Why CEOs Not Just IT Leaders Need To Know About Low Code
For years, CEOs have employed technical teams to ‘take care of IT’, but these days the pace of digital transformation is growing faster than the IT team’s ability to deliver. The drive towards digital transformation is becoming more imperative for many businesses, and many business leaders are keen to accelerate its introduction.
A key focus is in the introduction of business apps to increase automation, engage more effectively with customers and to improve business processes. However, a recent survey by Deloitte highlighted that fewer than 10% of 1,400 CIOs across 70 countries believed their companies were advanced on the road to incorporating technology into their digital business strategies. More than half admitted they had not started.
Gartner expects demand for Enterprise Mobile Apps to outstrip available development capacity by five to one, so if they want to achieve their goals CEOs need to find other solutions. Could app development platforms hold the answer?
The overall low-code development platform market size is expected to grow from USD4.32 Billion in 2017 to USD 27.23 Billion by 2022, at a Compound Annual growth rate (CAGR) of 44.49%.

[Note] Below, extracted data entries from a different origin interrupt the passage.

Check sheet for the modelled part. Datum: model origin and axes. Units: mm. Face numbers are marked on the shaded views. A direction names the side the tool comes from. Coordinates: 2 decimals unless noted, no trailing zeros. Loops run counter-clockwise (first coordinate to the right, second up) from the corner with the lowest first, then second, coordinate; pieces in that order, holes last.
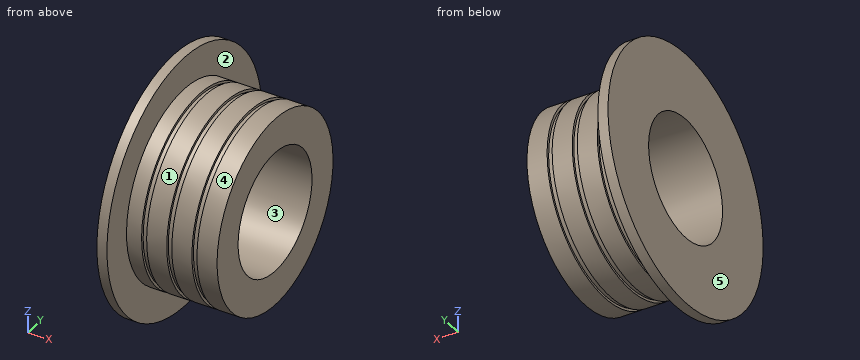
```python
from build123d import *

# Parameters (mm, degrees)
SKETCH2_W = 1
SKETCH2_H = 0.5


with BuildPart() as part:
    # Sketch1 → Revolve1 (revolve)
    with BuildSketch(Plane.XY, mode=Mode.PRIVATE) as revolve1_sk:
        Polygon((10.740740741, -3.925925926), (-9.259259259, -3.925925926), (-9.259259259, 9.249074074), (-7.259259259, 9.249074074), (-7.259259259, 2.899074074), (10.740740741, 2.899074074), align=None)
    revolve(revolve1_sk.sketch.rotate(Axis((-9.259259259, -15.925925926, 0), (1, 0, 0)), 90), axis=Axis((-9.259259259, -15.925925926, 0), (1, 0, 0)))

    # Sketch2 → Cut-Revolve1 (revolve, cut)
    with BuildSketch(Plane.XY, mode=Mode.PRIVATE) as cut_revolve1_sk:
        with Locations((6.240740741, 2.649074074)):
            Rectangle(SKETCH2_W, SKETCH2_H)
        with Locations((1.240740741, 2.649074074)):
            Rectangle(SKETCH2_W, SKETCH2_H)
        with Locations((-3.759259259, 2.649074074)):
            Rectangle(SKETCH2_W, SKETCH2_H)
    revolve(cut_revolve1_sk.sketch.rotate(Axis((10.740740741, -15.925925926, 0), (-1, 0, 0)), 90), axis=Axis((10.740740741, -15.925925926, 0), (-1, 0, 0)), mode=Mode.SUBTRACT)


solid = part.part
```
1) Section check B-B on x = 4.75. Enter the section's corners in (y, z) (3 decimals), plus the area to 3 significant figures.
Answer sheet:
outline: circle Ø37.65 at (-15.926, 0); hole circle Ø24 at (-15.926, 0)
area: 661 mm2
2) Depth check by flat-ended pin: pin 1 (10 mm diameter, centred on x = 1, y = -20.5, fed in from -Z) (3 decimals); pin 2 (12 mm diameter, centred on x = 8.5, y = 0.5, fed in from -Z); pin 3 (6 mm diameter, centred on x = -5, y = -9, fed in from +Z); pin 4 (6 mm diameter, centred on y = -21.5, z = 4.5, fed in from -X). Enter the tip coordinate at first touch or a pass-through.
Answer sheet:
pin 1: stops at z = -18.825
pin 2: stops at z = -15.67
pin 3: stops at z = 24.68
pin 4: passes through
3) Set-up check for the marked faces 4 and 5: record each of +Z, -Z, +X, -X, +Y, -Y from which the full face is reachable in a straight line by a thin tool's end or side.
Answer sheet:
face 4: +X
face 5: +Z, -Z, -X, +Y, -Y
4) Scan lines: line 1 (Y direction, x = 6, z = 0); line 2 (Z direction, x = 5, y = -16.5); line 3 (Y direction, x = -1.75, z = 0). Record each from-to range of solid material in increasing order.
Answer sheet:
line 1: y = -34.25 to -27.93, -3.93 to 2.4
line 2: z = -18.82 to -11.99, 11.99 to 18.82
line 3: y = -34.75 to -27.93, -3.93 to 2.9
5) Section check C-C on y = 3.5. Enter the section's corners in (x, z).
Answer sheet:
outline: (-9.26, -16.01) - (-7.26, -16.01) - (-7.26, 16.01) - (-9.26, 16.01) - close
6) Mould release check, pull along Y, two halves, no side actions. Record for the marked faces 1, 2 and 3: +Y half, -Y half, draft (parallel to the pull), parting line (faces both ways), or undercut.
Answer sheet:
face 1: parting line
face 2: draft
face 3: undercut

How low code platforms speed up digital transformation
Low code development platforms like BlueFinity’s Evoke are designed to speed up app development and enable developers and non-developers to create apps. There is introductory training for customers using the system, and this fast learning curve allows businesses to use their existing staff in the development process.
Low code platforms save time thanks to a library of actions, widgets and pre-built components, which users can employ in their app in a point and click environment, with easy to use drag-and-drop tools. In practice this allows individuals or small teams, even those with no previous development experience, to experiment, prototype, and deliver apps in days or weeks with only minimal support from the IT team.
John Rymer, Vice President, Principal Analyst, Forrester, says that low-code platforms help advance digital business in three major ways: (iii)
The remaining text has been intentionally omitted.